PSs in the MS2 genome predicted by HPA analysis and confirmed by cryo-EM. The secondary structure of the MS2 genome is shown as a series of stem-loops (SLs), with the 15 SLs seen in the TR binding sites of the phage coat protein dimers in the asymmetric cryo-EM reconstruction2, and predicted to be PSs via HPA (Dykeman et al7), indicated by magenta boxes. Other SLs in the genome share characteristic MS2 coat protein recognition motifs with these 15 PSs, and were also proposed to be PSs. It is possible that at least some of these also contact coat protein dimers during PS-mediated assembly, but disengage thereafter and thus are not visible in the virion. Genomic SLs are numbered increasing in the 5′-to-3′ direction, preceded by their genetic locus, i.e. 5′UTR (untranslated region) (5U#), A protein (A#), CP (C#), replicase (R#) and 3′UTR (3U#).

The HPA has been key in identifying the nature of the RNA-CP contacts in MS2, and thus is fundamental to our understanding of the virion structure.
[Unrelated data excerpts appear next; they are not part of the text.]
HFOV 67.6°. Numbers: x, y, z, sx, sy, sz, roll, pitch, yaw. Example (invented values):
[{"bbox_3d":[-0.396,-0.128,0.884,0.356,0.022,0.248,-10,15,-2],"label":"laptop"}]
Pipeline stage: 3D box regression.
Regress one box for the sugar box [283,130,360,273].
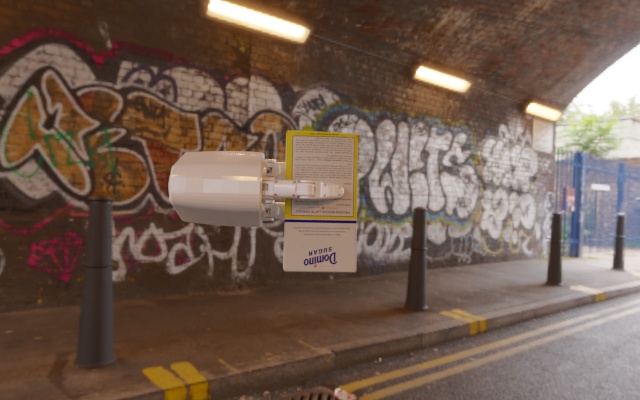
[{"bbox_3d":[0.000,0.002,0.611,0.093,0.176,0.048,2,0,-4],"label":"sugar box"}]
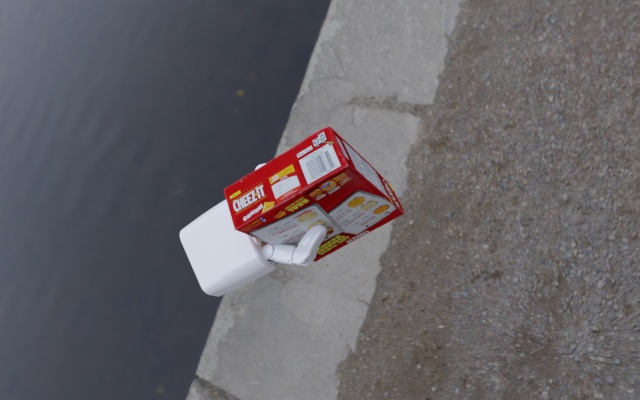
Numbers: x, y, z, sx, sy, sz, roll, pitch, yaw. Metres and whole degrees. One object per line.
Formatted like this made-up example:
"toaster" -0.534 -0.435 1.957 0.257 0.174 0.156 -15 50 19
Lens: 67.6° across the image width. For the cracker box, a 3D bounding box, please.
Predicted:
"cracker box" 0.000 0.002 0.656 0.164 0.072 0.214 -30 -28 17
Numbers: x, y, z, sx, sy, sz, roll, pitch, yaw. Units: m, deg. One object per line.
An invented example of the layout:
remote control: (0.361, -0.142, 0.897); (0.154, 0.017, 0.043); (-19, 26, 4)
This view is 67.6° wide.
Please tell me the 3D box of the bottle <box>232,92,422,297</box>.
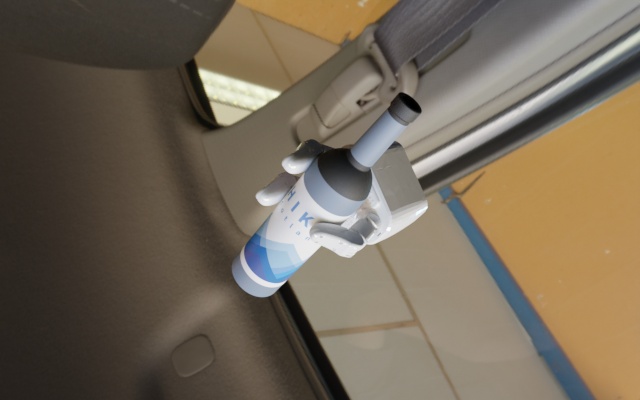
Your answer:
bottle: (0.000, 0.002, 0.513); (0.069, 0.069, 0.296); (0, -38, -44)
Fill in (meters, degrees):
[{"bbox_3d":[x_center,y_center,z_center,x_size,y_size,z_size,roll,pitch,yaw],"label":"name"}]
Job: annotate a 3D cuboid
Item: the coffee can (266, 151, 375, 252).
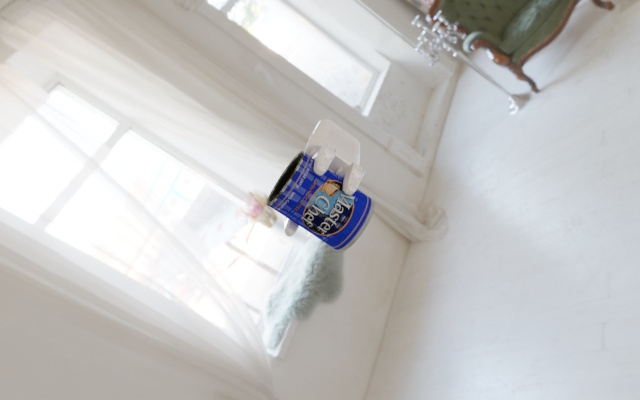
[{"bbox_3d":[0.000,0.003,0.759,0.140,0.103,0.103,34,-9,-13],"label":"coffee can"}]
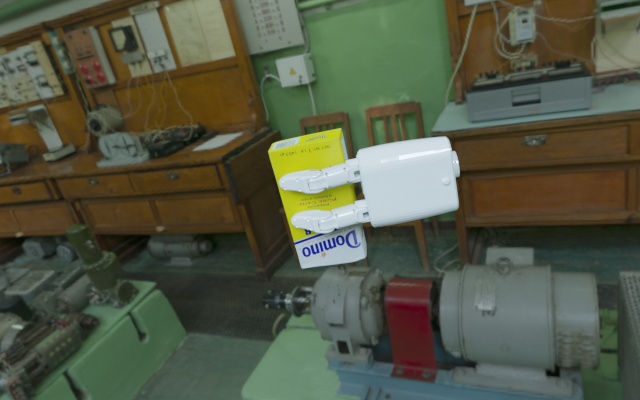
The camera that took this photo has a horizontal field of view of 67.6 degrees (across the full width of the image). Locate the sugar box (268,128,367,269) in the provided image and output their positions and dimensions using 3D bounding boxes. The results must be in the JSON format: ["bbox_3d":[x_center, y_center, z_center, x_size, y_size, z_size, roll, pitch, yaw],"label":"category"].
[{"bbox_3d":[0.000,0.002,0.624,0.093,0.176,0.048,-10,23,11],"label":"sugar box"}]

It has played a central role in establishing the packaging signal hypothesis3,9,10,11,15,16,17,18, and in understanding how PSs cooperatively promote efficient virus assembly16. This suggests that HPA should be useful also for the study of the many other viruses, whose complete structures are likely to emerge in the near future from modern EM studies. Such structures will also highlight those viruses that exploit the multiple RNA packaging signal-mediated assembly mechanism.